> Task directions: All the lines below need retyping exactly, apart from the images.

> Given entries:

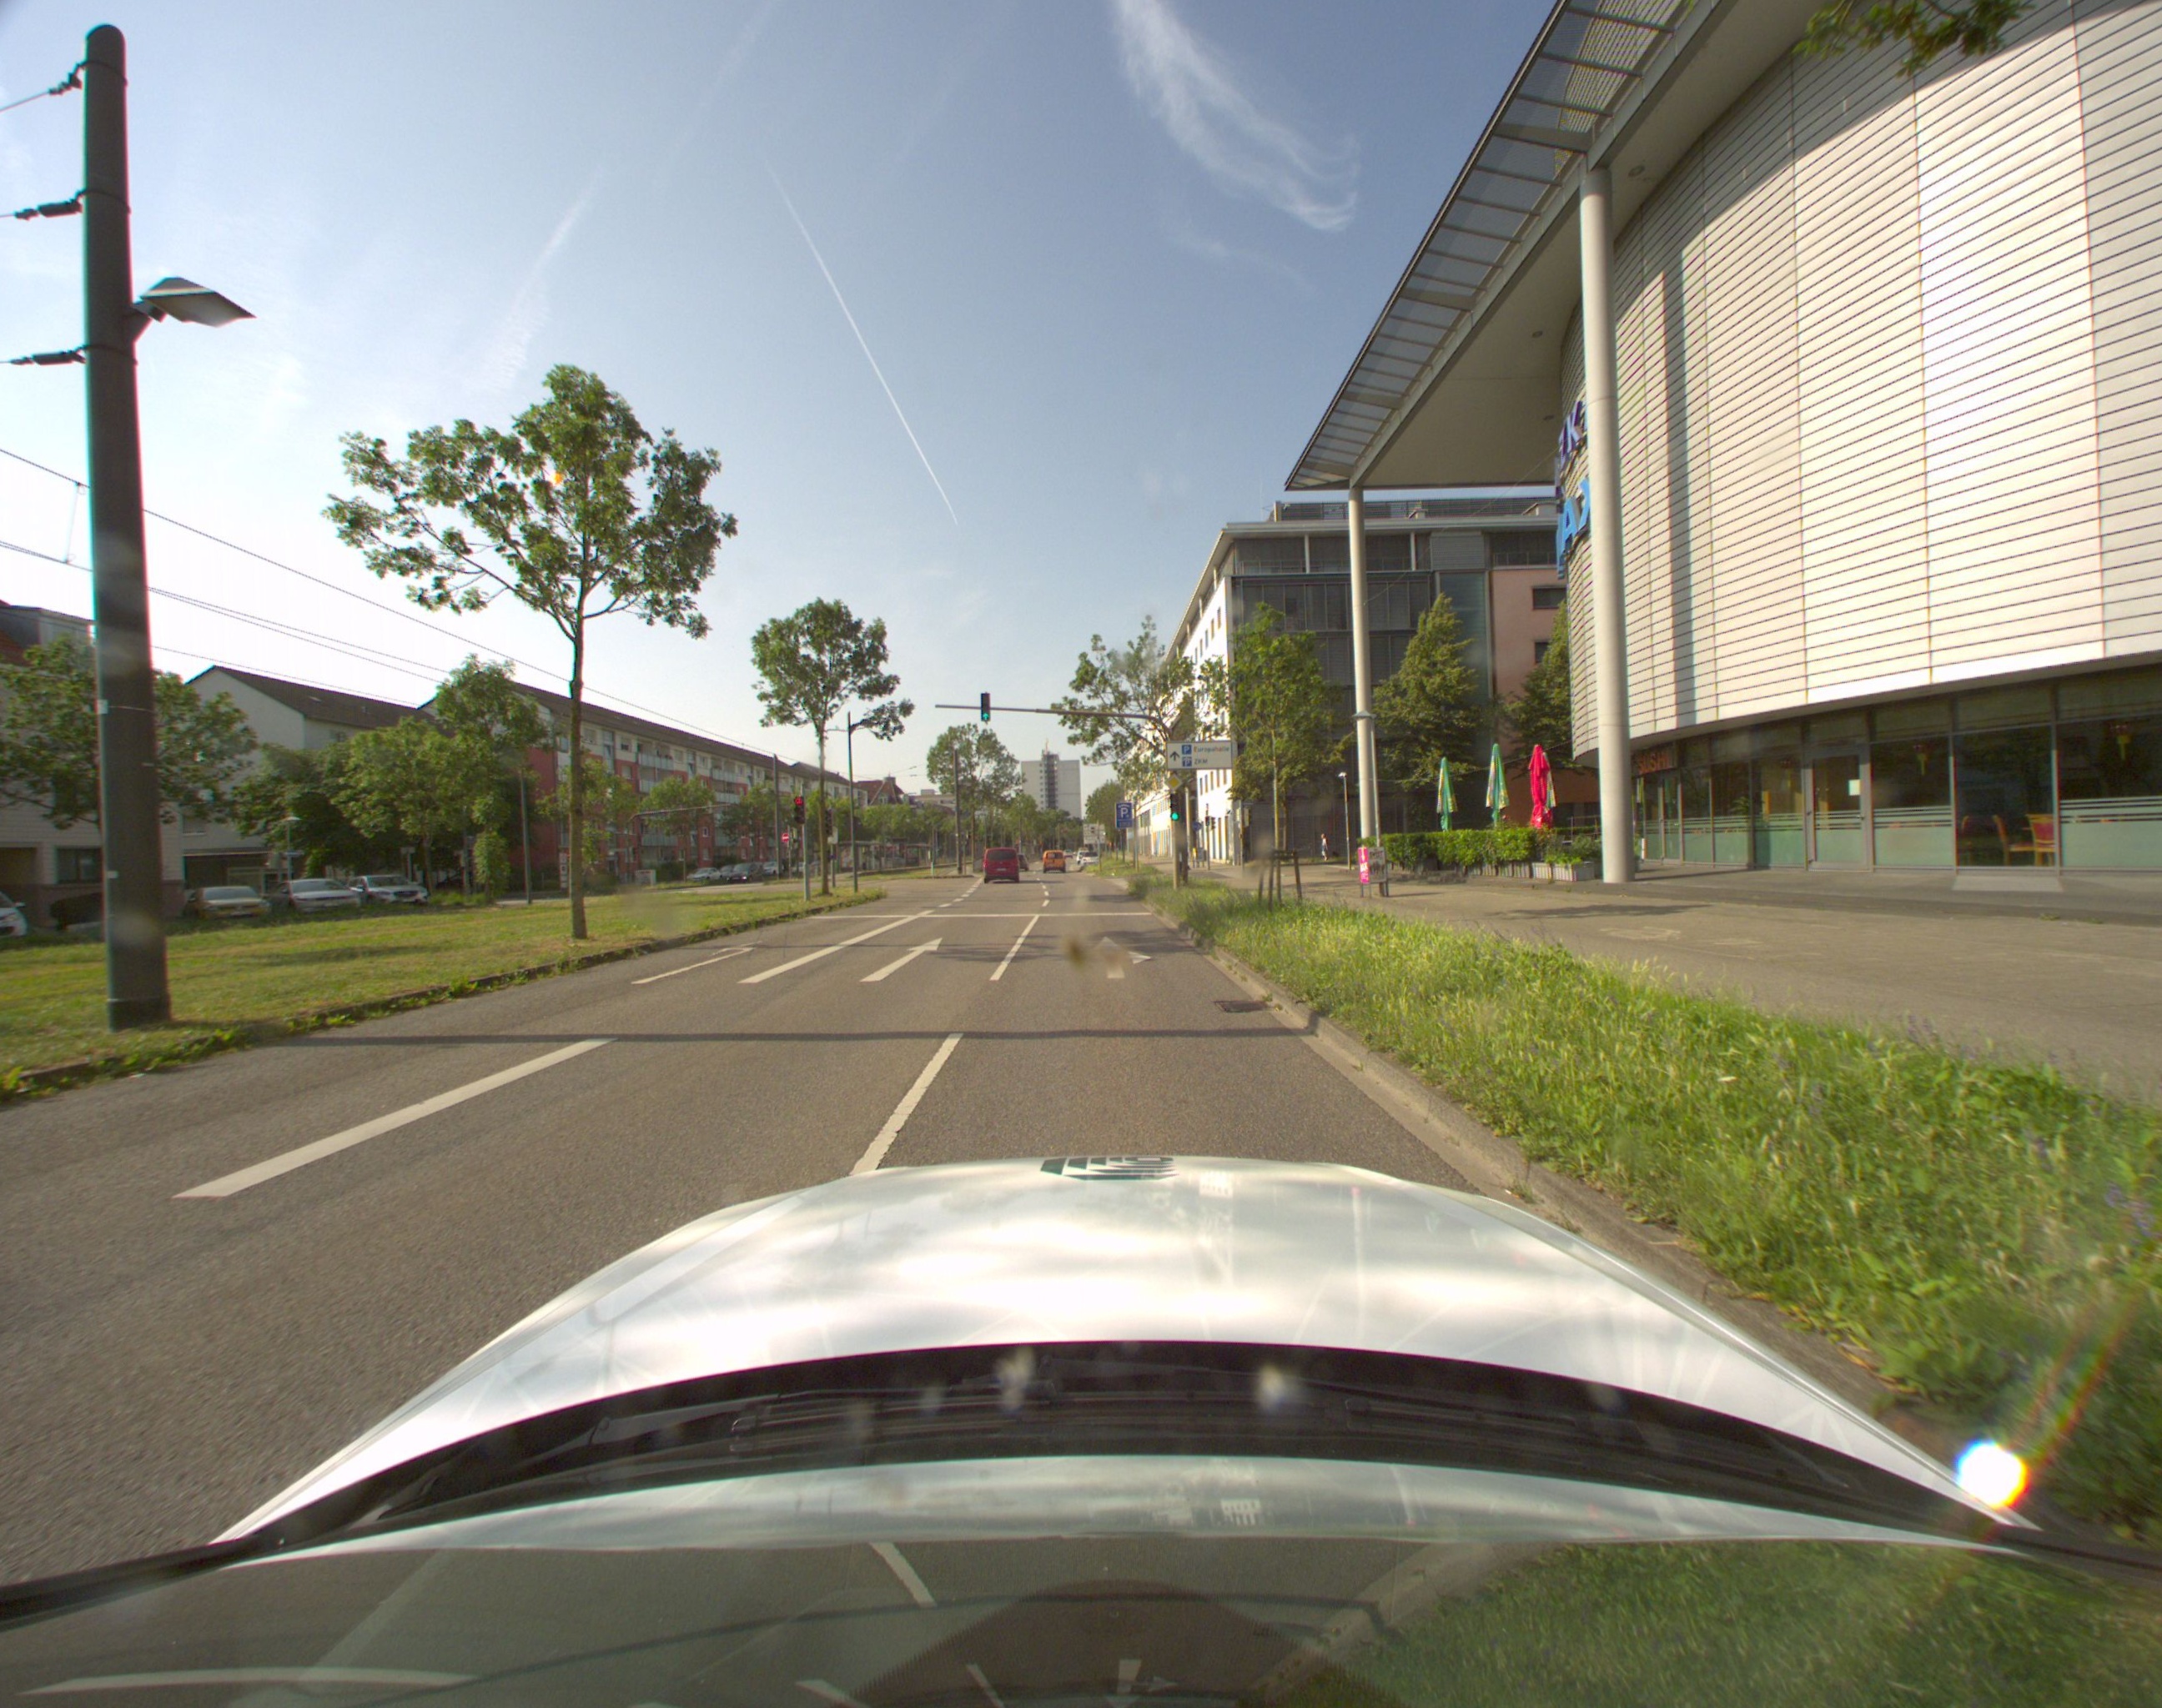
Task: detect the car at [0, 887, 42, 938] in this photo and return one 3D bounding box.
[{"bbox_3d":[-30.332,1.603,22.201,3.949,1.269,1.898,0,0,29],"label":"car"}]

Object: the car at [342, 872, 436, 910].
[{"bbox_3d":[-30.219,1.562,35.545,4.297,1.463,1.976,0,0,33],"label":"car"}]

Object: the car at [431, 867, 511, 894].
[{"bbox_3d":[-42.458,1.827,56.776,3.973,1.695,2.000,-2,0,0],"label":"car"}]

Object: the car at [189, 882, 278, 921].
[{"bbox_3d":[-30.668,1.679,29.450,3.949,1.178,2.012,0,0,41],"label":"car"}]

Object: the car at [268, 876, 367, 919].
[{"bbox_3d":[-29.943,1.662,31.913,4.407,1.514,2.013,-2,0,36],"label":"car"}]

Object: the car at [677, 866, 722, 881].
[{"bbox_3d":[-32.300,1.657,69.068,1.828,1.147,4.163,0,0,-1],"label":"car"}]

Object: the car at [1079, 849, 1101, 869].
[{"bbox_3d":[0.705,0.399,68.041,1.715,1.519,3.779,-2,0,-1],"label":"car"}]

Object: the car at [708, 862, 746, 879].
[{"bbox_3d":[-32.528,1.457,74.917,1.828,1.471,3.825,0,0,-1],"label":"car"}]

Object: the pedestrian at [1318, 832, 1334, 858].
[{"bbox_3d":[15.328,-0.557,50.964,0.775,1.616,0.713,-2,0,-2],"label":"pedestrian"}]

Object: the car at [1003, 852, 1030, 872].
[{"bbox_3d":[-5.605,0.678,71.028,1.987,1.706,3.999,-2,0,0],"label":"car"}]

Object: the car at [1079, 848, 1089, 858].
[{"bbox_3d":[0.569,-0.166,158.030,1.987,2.013,3.999,0,0,0],"label":"car"}]

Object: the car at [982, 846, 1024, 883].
[{"bbox_3d":[-4.160,0.549,43.948,1.869,1.853,3.998,-2,0,-1],"label":"car"}]

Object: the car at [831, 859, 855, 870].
[{"bbox_3d":[-31.975,1.383,109.511,1.975,1.360,4.068,0,0,-1],"label":"car"}]

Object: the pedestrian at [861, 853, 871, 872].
[{"bbox_3d":[-19.408,0.769,73.390,0.670,1.653,0.793,-2,0,-5],"label":"pedestrian"}]

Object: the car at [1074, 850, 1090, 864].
[{"bbox_3d":[0.116,0.304,94.111,1.683,1.526,3.850,-4,0,0],"label":"car"}]

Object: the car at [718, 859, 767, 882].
[{"bbox_3d":[-28.016,1.330,67.539,1.987,1.706,4.713,-2,0,1],"label":"car"}]

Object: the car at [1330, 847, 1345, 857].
[{"bbox_3d":[16.106,-0.133,51.172,0.763,0.587,0.498,-2,0,-2],"label":"car"}]

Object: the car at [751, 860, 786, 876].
[{"bbox_3d":[-32.534,1.437,84.930,1.975,1.556,4.535,0,0,-1],"label":"car"}]

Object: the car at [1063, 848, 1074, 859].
[{"bbox_3d":[-2.470,-0.063,156.791,1.988,2.013,3.998,-2,0,-1],"label":"car"}]

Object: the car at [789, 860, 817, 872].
[{"bbox_3d":[-32.346,1.415,94.815,1.975,1.360,4.068,0,0,-1],"label":"car"}]

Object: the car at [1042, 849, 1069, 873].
[{"bbox_3d":[-1.903,0.482,62.275,1.869,1.696,3.974,-2,0,0],"label":"car"}]

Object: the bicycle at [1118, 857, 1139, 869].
[{"bbox_3d":[3.126,0.577,53.798,1.264,0.632,0.522,-8,-1,6],"label":"bicycle"}]

> Exercise response:
Task: detect the car at [0, 887, 42, 938] in this photo and return one 3D bounding box.
[{"bbox_3d":[-30.332,1.603,22.201,3.949,1.269,1.898,0,0,29],"label":"car"}]

Object: the car at [342, 872, 436, 910].
[{"bbox_3d":[-30.219,1.562,35.545,4.297,1.463,1.976,0,0,33],"label":"car"}]

Object: the car at [431, 867, 511, 894].
[{"bbox_3d":[-42.458,1.827,56.776,3.973,1.695,2.000,-2,0,0],"label":"car"}]

Object: the car at [189, 882, 278, 921].
[{"bbox_3d":[-30.668,1.679,29.450,3.949,1.178,2.012,0,0,41],"label":"car"}]

Object: the car at [268, 876, 367, 919].
[{"bbox_3d":[-29.943,1.662,31.913,4.407,1.514,2.013,-2,0,36],"label":"car"}]

Object: the car at [677, 866, 722, 881].
[{"bbox_3d":[-32.300,1.657,69.068,1.828,1.147,4.163,0,0,-1],"label":"car"}]

Object: the car at [1079, 849, 1101, 869].
[{"bbox_3d":[0.705,0.399,68.041,1.715,1.519,3.779,-2,0,-1],"label":"car"}]

Object: the car at [708, 862, 746, 879].
[{"bbox_3d":[-32.528,1.457,74.917,1.828,1.471,3.825,0,0,-1],"label":"car"}]

Object: the pedestrian at [1318, 832, 1334, 858].
[{"bbox_3d":[15.328,-0.557,50.964,0.775,1.616,0.713,-2,0,-2],"label":"pedestrian"}]

Object: the car at [1003, 852, 1030, 872].
[{"bbox_3d":[-5.605,0.678,71.028,1.987,1.706,3.999,-2,0,0],"label":"car"}]

Object: the car at [1079, 848, 1089, 858].
[{"bbox_3d":[0.569,-0.166,158.030,1.987,2.013,3.999,0,0,0],"label":"car"}]

Object: the car at [982, 846, 1024, 883].
[{"bbox_3d":[-4.160,0.549,43.948,1.869,1.853,3.998,-2,0,-1],"label":"car"}]

Object: the car at [831, 859, 855, 870].
[{"bbox_3d":[-31.975,1.383,109.511,1.975,1.360,4.068,0,0,-1],"label":"car"}]

Object: the pedestrian at [861, 853, 871, 872].
[{"bbox_3d":[-19.408,0.769,73.390,0.670,1.653,0.793,-2,0,-5],"label":"pedestrian"}]

Object: the car at [1074, 850, 1090, 864].
[{"bbox_3d":[0.116,0.304,94.111,1.683,1.526,3.850,-4,0,0],"label":"car"}]

Object: the car at [718, 859, 767, 882].
[{"bbox_3d":[-28.016,1.330,67.539,1.987,1.706,4.713,-2,0,1],"label":"car"}]

Object: the car at [1330, 847, 1345, 857].
[{"bbox_3d":[16.106,-0.133,51.172,0.763,0.587,0.498,-2,0,-2],"label":"car"}]

Object: the car at [751, 860, 786, 876].
[{"bbox_3d":[-32.534,1.437,84.930,1.975,1.556,4.535,0,0,-1],"label":"car"}]

Object: the car at [1063, 848, 1074, 859].
[{"bbox_3d":[-2.470,-0.063,156.791,1.988,2.013,3.998,-2,0,-1],"label":"car"}]

Object: the car at [789, 860, 817, 872].
[{"bbox_3d":[-32.346,1.415,94.815,1.975,1.360,4.068,0,0,-1],"label":"car"}]

Object: the car at [1042, 849, 1069, 873].
[{"bbox_3d":[-1.903,0.482,62.275,1.869,1.696,3.974,-2,0,0],"label":"car"}]

Object: the bicycle at [1118, 857, 1139, 869].
[{"bbox_3d":[3.126,0.577,53.798,1.264,0.632,0.522,-8,-1,6],"label":"bicycle"}]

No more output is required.